Retype the line with "Document page, 1500x1125 pixels." exactly. Then retype every line after it through the end of the entries below, and nothing more, leaving out pictures.
───── INFORMATION SUPPLIED ─────
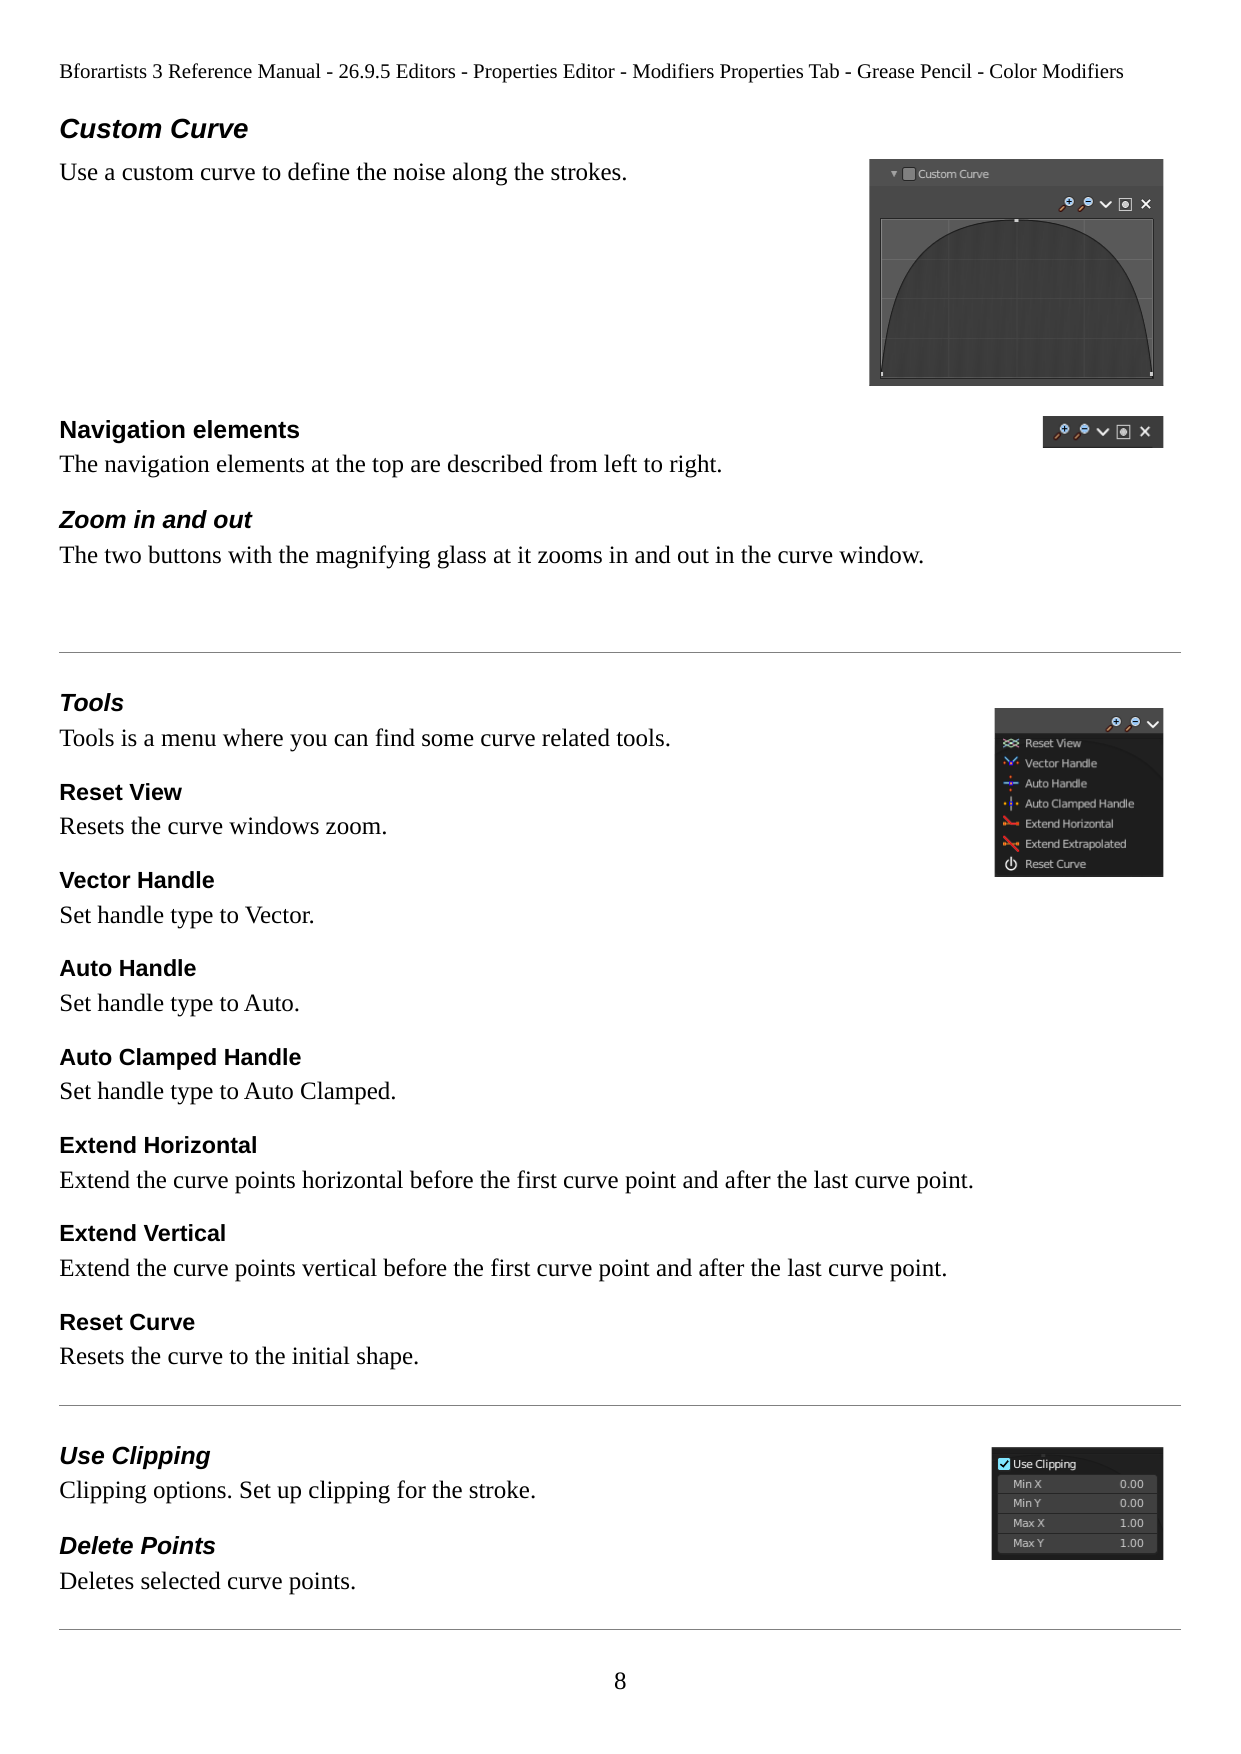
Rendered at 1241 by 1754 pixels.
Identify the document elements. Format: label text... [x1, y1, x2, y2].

subtitle Delete Points [59, 1531, 991, 1559]
picture [994, 708, 1164, 877]
text The two buttons with the magnifying glass at it zooms in and out in the curve window. [59, 540, 1181, 568]
subtitle Extend Horizontal [59, 1132, 1181, 1158]
text Extend the curve points horizontal before the first curve point and after the last curve point. [59, 1165, 1181, 1193]
subtitle Auto Handle [59, 955, 1181, 982]
text Clipping options. Set up clipping for the stroke. [59, 1476, 991, 1504]
picture [1042, 416, 1164, 448]
subtitle Extend Vertical [59, 1220, 1181, 1247]
subtitle Auto Clamped Handle [59, 1043, 1181, 1070]
text Deletes selected curve points. [59, 1566, 1181, 1594]
text Use a custom curve to define the noise along the strokes. [59, 157, 1181, 186]
subtitle Use Clipping [59, 1441, 1181, 1469]
text Tools is a menu where you can find some curve related tools. [59, 723, 994, 752]
text Resets the curve to the initial shape. [59, 1341, 1181, 1370]
subtitle Tools [59, 688, 1181, 717]
subtitle Reset Curve [59, 1308, 1181, 1335]
subtitle Navigation elements [59, 415, 1181, 443]
subtitle Reset View [59, 778, 994, 805]
subtitle Vector Handle [59, 867, 1181, 893]
subtitle [1164, 778, 1181, 805]
text Set handle type to Auto Clamped. [59, 1076, 1181, 1105]
text Set handle type to Vector. [59, 900, 1181, 928]
picture [869, 159, 1164, 386]
text The navigation elements at the top are described from left to right. [59, 449, 1181, 478]
subtitle Custom Curve [59, 113, 1181, 144]
text Set handle type to Auto. [59, 988, 1181, 1017]
subtitle [1164, 1531, 1181, 1559]
picture [991, 1447, 1164, 1560]
subtitle Zoom in and out [59, 505, 1181, 533]
text Extend the curve points vertical before the first curve point and after the last curve point. [59, 1253, 1181, 1282]
text Resets the curve windows zoom. [59, 811, 994, 840]
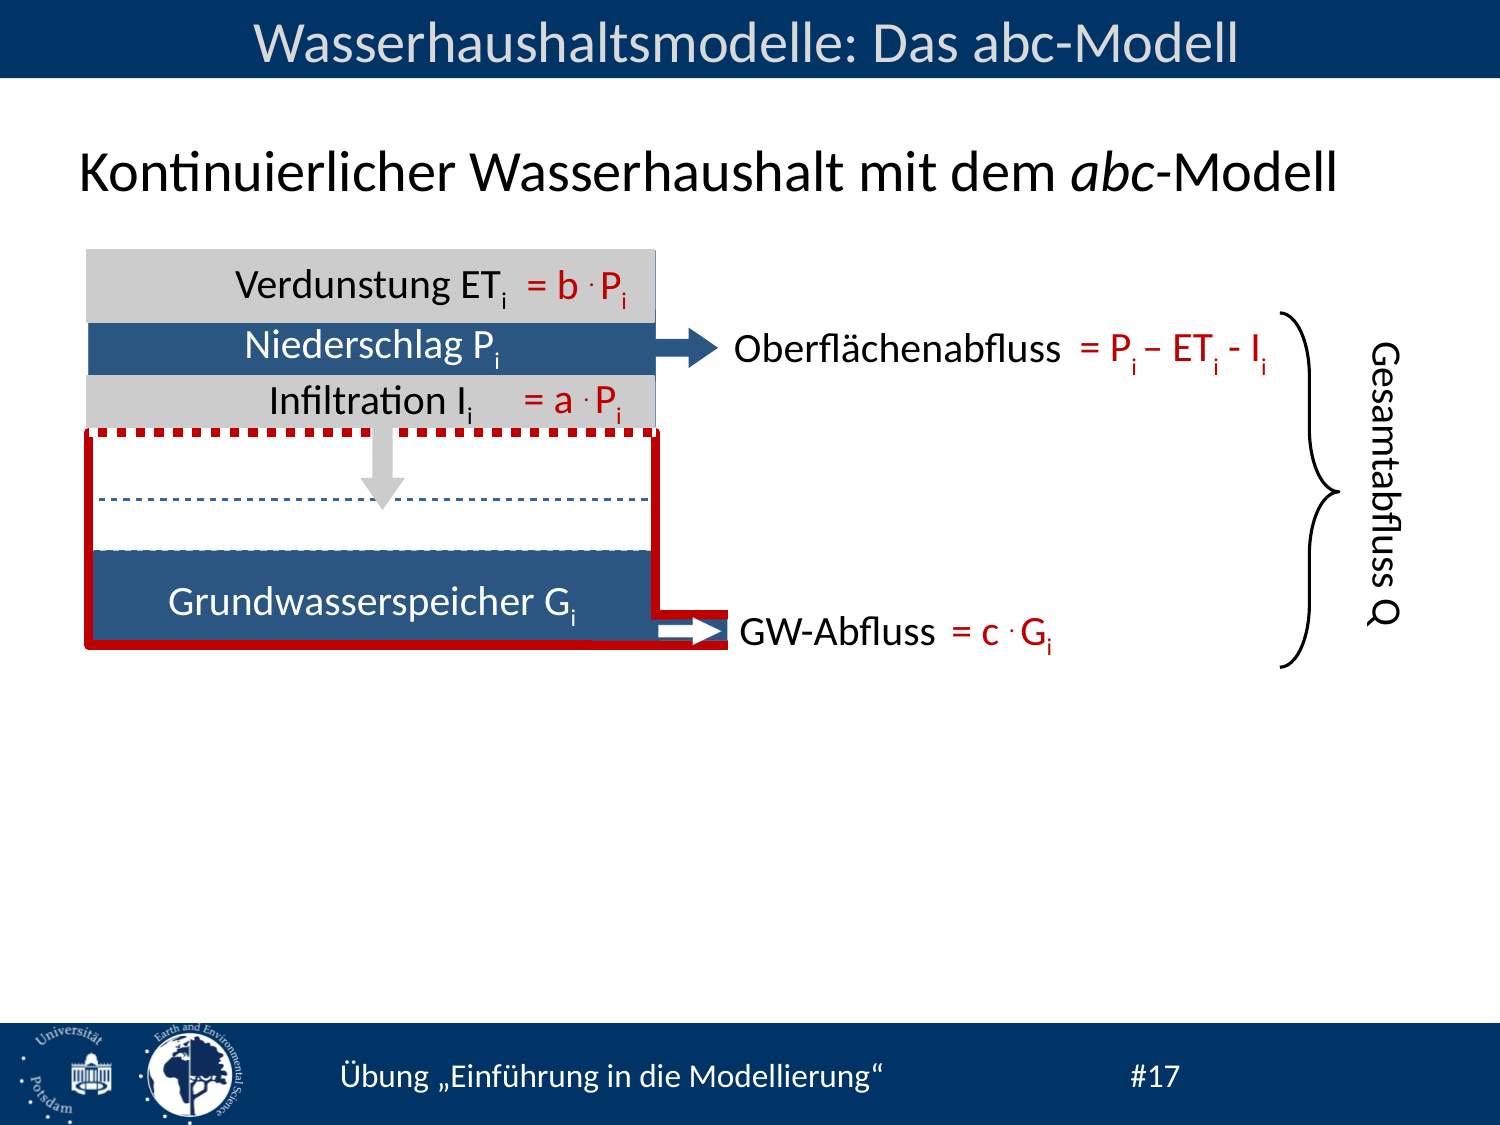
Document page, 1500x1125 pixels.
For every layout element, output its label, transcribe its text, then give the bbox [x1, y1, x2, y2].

text_box = a . Pi [508, 364, 686, 437]
text_box = Pi – ETi - Ii [1287, 312, 1420, 388]
text_box Gesamtabfluss Q [1356, 326, 1422, 695]
text_box = Pi – ETi - Ii [1064, 312, 1307, 388]
picture [83, 248, 1105, 662]
picture [139, 1023, 243, 1125]
text_box = b . Pi [511, 250, 690, 322]
text_box Kontinuierlicher Wasserhaushalt mit dem abc-Modell [64, 125, 1412, 211]
text_box = c . Gi [936, 596, 1114, 668]
text_box Wasserhaushaltsmodelle: Das abc-Modell [0, 0, 1495, 75]
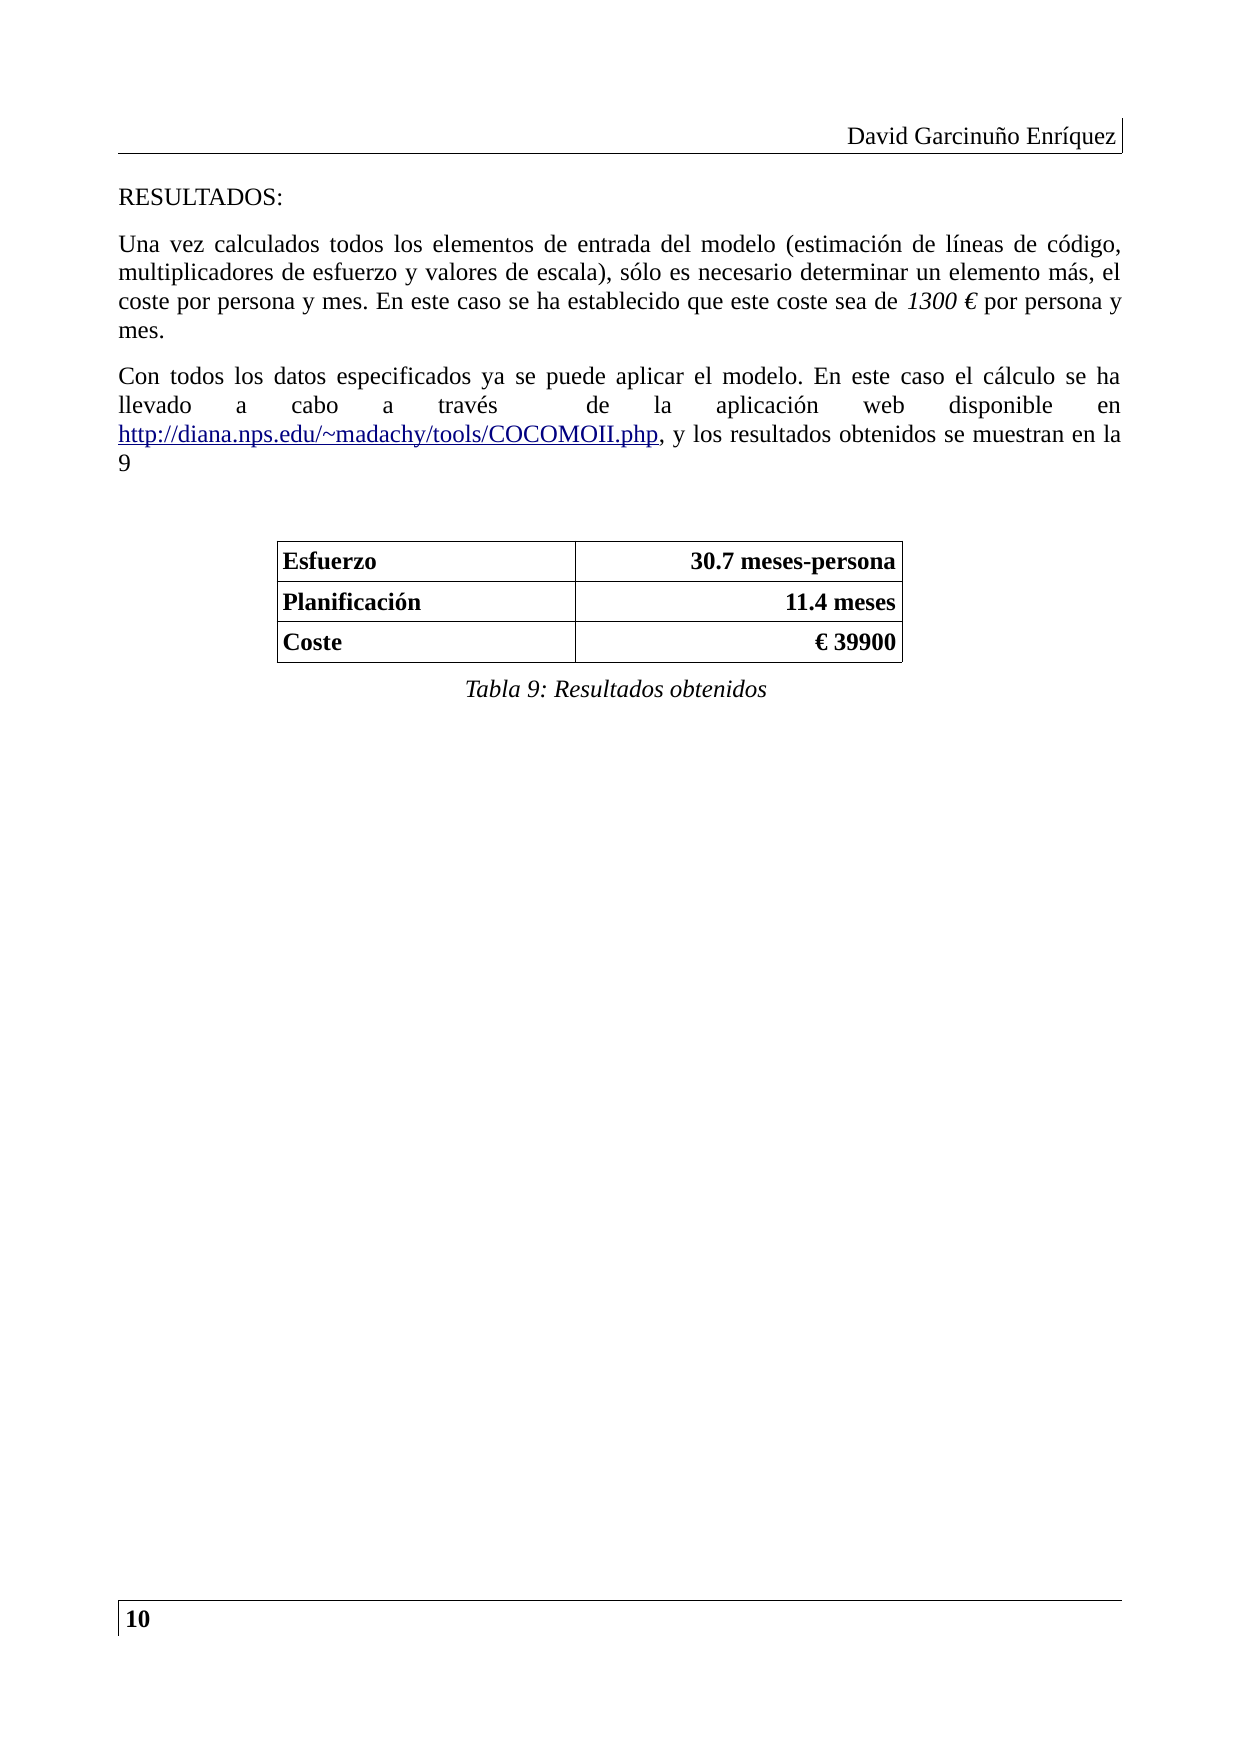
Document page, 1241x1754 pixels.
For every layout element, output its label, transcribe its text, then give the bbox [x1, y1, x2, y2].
─────
RESPONSE TO THIS TASK:
Document page, 1500x1125 pixels.
For every layout element, output its label, transcribe its text, then give the bbox [x1, y1, x2, y2].

text_box = a . Pi [508, 364, 686, 437]
text_box = Pi – ETi - Ii [1287, 312, 1420, 388]
text_box Gesamtabfluss Q [1356, 326, 1422, 695]
text_box = Pi – ETi - Ii [1064, 312, 1307, 388]
picture [83, 248, 1105, 662]
picture [139, 1023, 243, 1125]
text_box = b . Pi [511, 250, 690, 322]
text_box Kontinuierlicher Wasserhaushalt mit dem abc-Modell [64, 125, 1412, 211]
text_box = c . Gi [936, 596, 1114, 668]
text_box Wasserhaushaltsmodelle: Das abc-Modell [0, 0, 1495, 75]
Document page, 1241x1754 pixels.
For every layout element, output its label, transcribe its text, then give the bbox [x1, y1, x2, y2].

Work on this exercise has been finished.